Metadata-Version: 2.1
Name: navigation_analytics
Version: 0.0.1
Summary: Toolkit that creates portable objects specialized on analyzing web navigation data.
Home-page: https://github.com/mielgosez/navigation_analytics
Author: Jose Mielgo
Author-email: mielgosez@gmail.com
License: UNKNOWN
Project-URL: Bug Tracker, https://github.com/mielgosez/navigation_analytics/issues
Platform: UNKNOWN
Classifier: Programming Language :: Python :: 3
Classifier: License :: OSI Approved :: MIT License
Classifier: Operating System :: OS Independent
Requires-Python: >=3.6
Description-Content-Type: text/markdown
License-File: LICENSE

# Navigation Analytics
Toolkit that creates portable objects specialized on analyzing web navigation data.

# Installation

This package is available in pypi and can be installed using pip:

```
pip install navigation_data
```

# Rationale

The package expects a data model as follows:

![data-model][imgs/data-model.png]

It mainly consists of the following tables:

* **duration_table**: Provided a page (`page_id` visited by an user, it stores the approximate duration of the user in that
single page (`checkin`), it also provides the ranking of that page when it was searched (`result_position`).

* **search_table**: Provides the number of results linked to a page_id.

* **page_data**: Look up table of the page_id (primary key) used in duration_table and search_table.
It also links every page_id with a `session_id`.

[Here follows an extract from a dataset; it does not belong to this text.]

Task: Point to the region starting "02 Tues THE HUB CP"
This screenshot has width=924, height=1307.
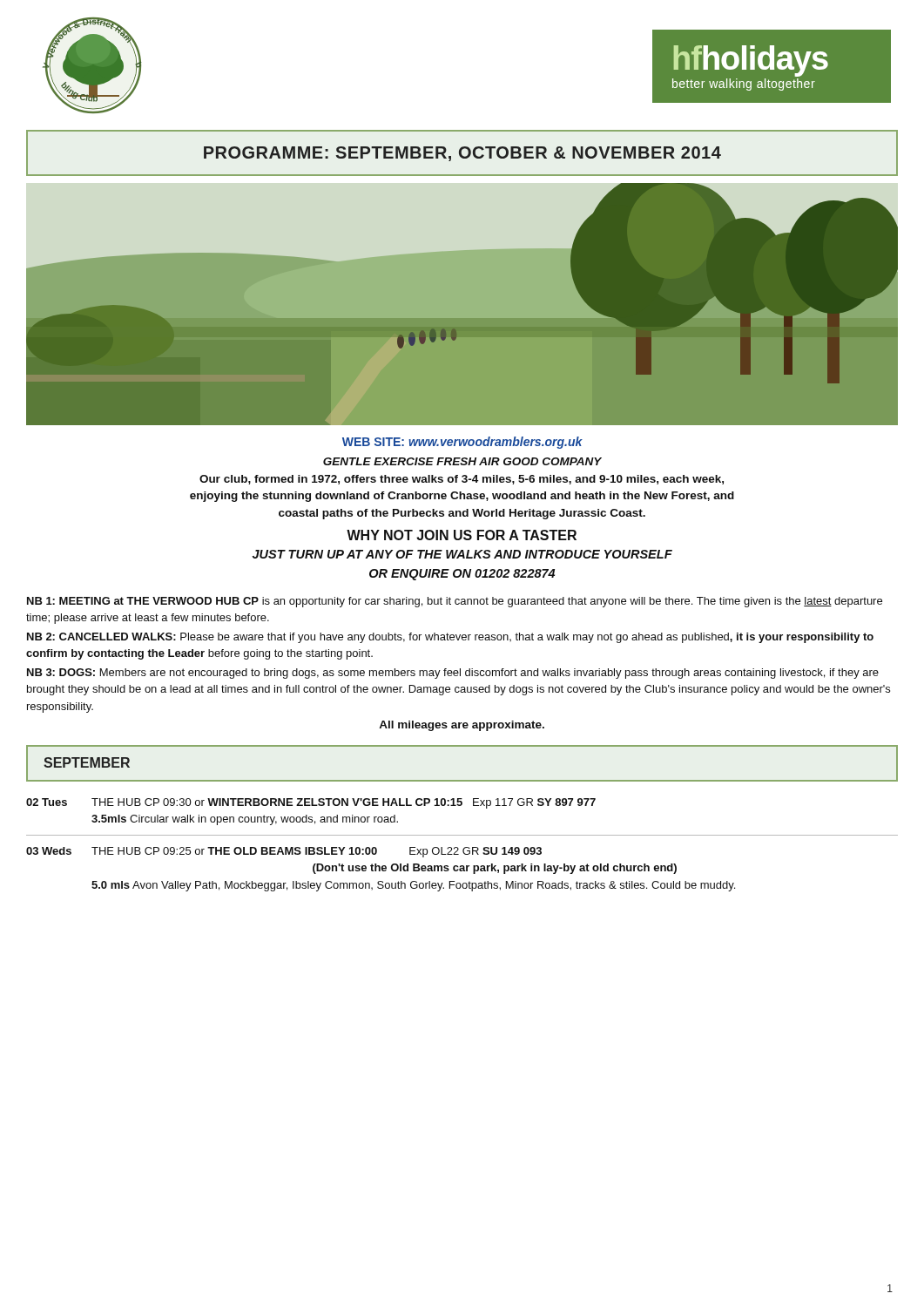Action: 462,810

* **session_data**: Look up table with all session_ids (primary key). It associates every session with a group.

* **groups**: List of groups defined for each session.

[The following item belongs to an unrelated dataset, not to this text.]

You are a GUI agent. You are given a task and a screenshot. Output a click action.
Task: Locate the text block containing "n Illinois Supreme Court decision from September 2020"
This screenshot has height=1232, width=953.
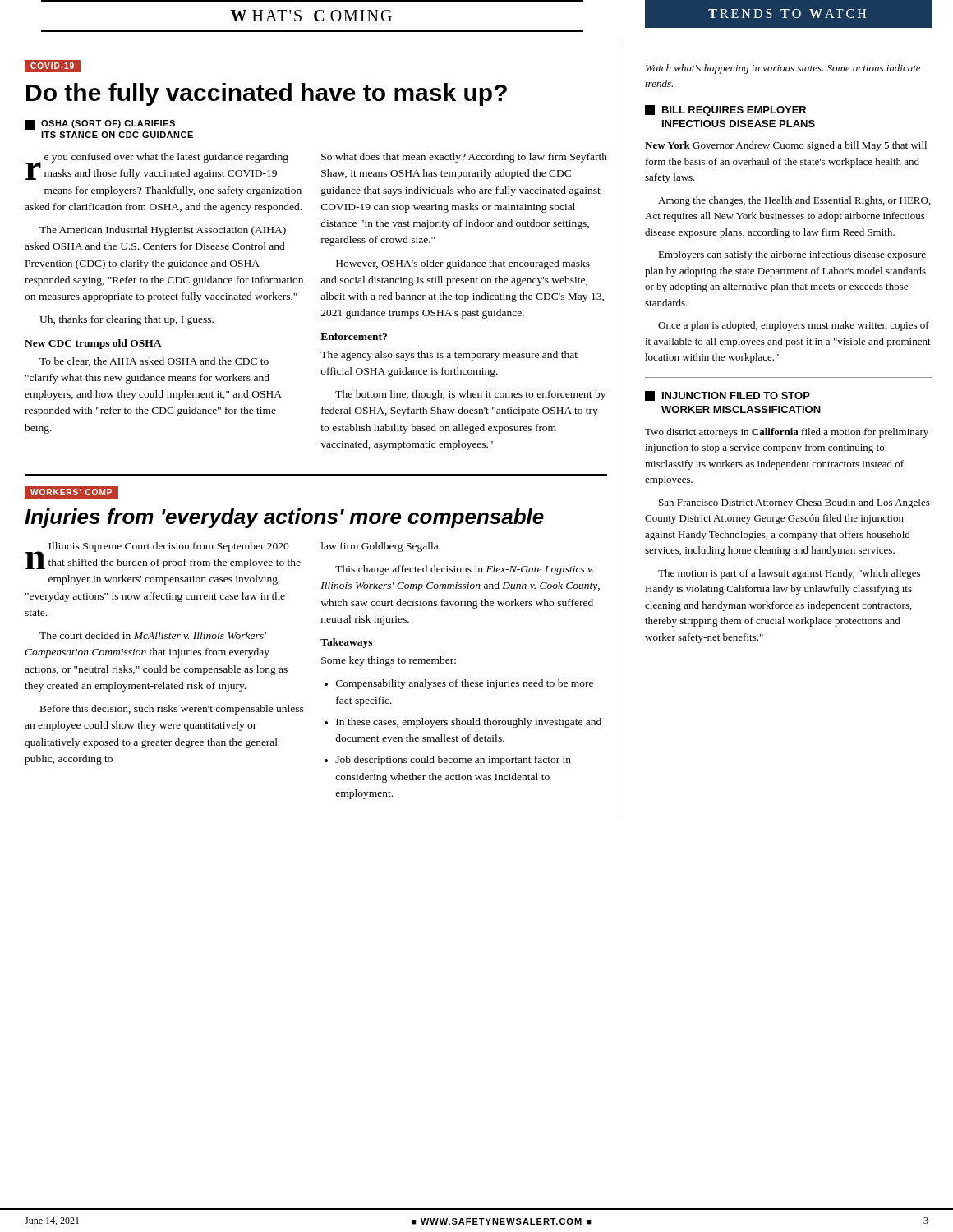[x=164, y=653]

This relational model allows to define a data structure that preserves data integrity, and enables to perform A/B testing in a safe fashion.
Furthermore this data structure, namely NavigationDataAnalyzer allows to compute the following metrics:

* Click Through Rate

* Most Common Result

* Session Length

* Zero Result Rate

Further it allows to save the object with their results as a pickle, enabling thus its traceability and storage in a data lake.
Results can also be exported in an Excel Spreadsheet.

# Config

Before using the Navigation Data Analyzer it is compulsory to define a config file or dictionary with the following information:

```{json}
{
  "metadata": {
    "data_types": { -- Provides the data types of the input table containing the data to be analyzed.
      "uuid": "str",
      "timestamp": "float",
      "session_id": "str",
      "group": "str",
      "action": "str",
      "checkin": "float",
      "page_id": "str",
      "n_results": "float",
      "result_position": "float"
    },
    "primary_keys": { -- Provides the names of 3 of the 5 primary keys in data, this is the hierarchy: events - pages - sessions
      "events": "uuid",
      "pages": "page_id",
      "sessions": "session_id"
    },
    "valid_values": { -- Information of column names and valid values in data.
      "groups": { -- Name of the column defining the groups and the correct/valid values of such.
        "group_id": "group",
        "valid": ["a", "b"]
      },
      "actions": { -- All valid actions to be performed during a session and the name of the column with this information.
        "action_id": "action",
        "valid": ["checkin", "searchResultPage", "visitPage"],
        "search_action": "searchResultPage",
        "visit_action": "visitPage"
      },
      "kpis": { -- Name of the columns containing KPIs
        "number_results": "n_results",
        "result_position": "result_position",
        "duration_page": "checkin"
      }
    },
    "na_vector": ["NA"], -- String expressing how NAs values are expressed in data.
    "datetime": "timestamp", -- Name of the column with timestamp
    "date_format": "%Y%m%d%H%M%S" -- Format of the date in the data.
  }

}
```

This dictionary is used to perform sanity checks and avoid hardcoded values in the script.

# Demos

This section provides a series of short demos with hands-on examples of how to use this package.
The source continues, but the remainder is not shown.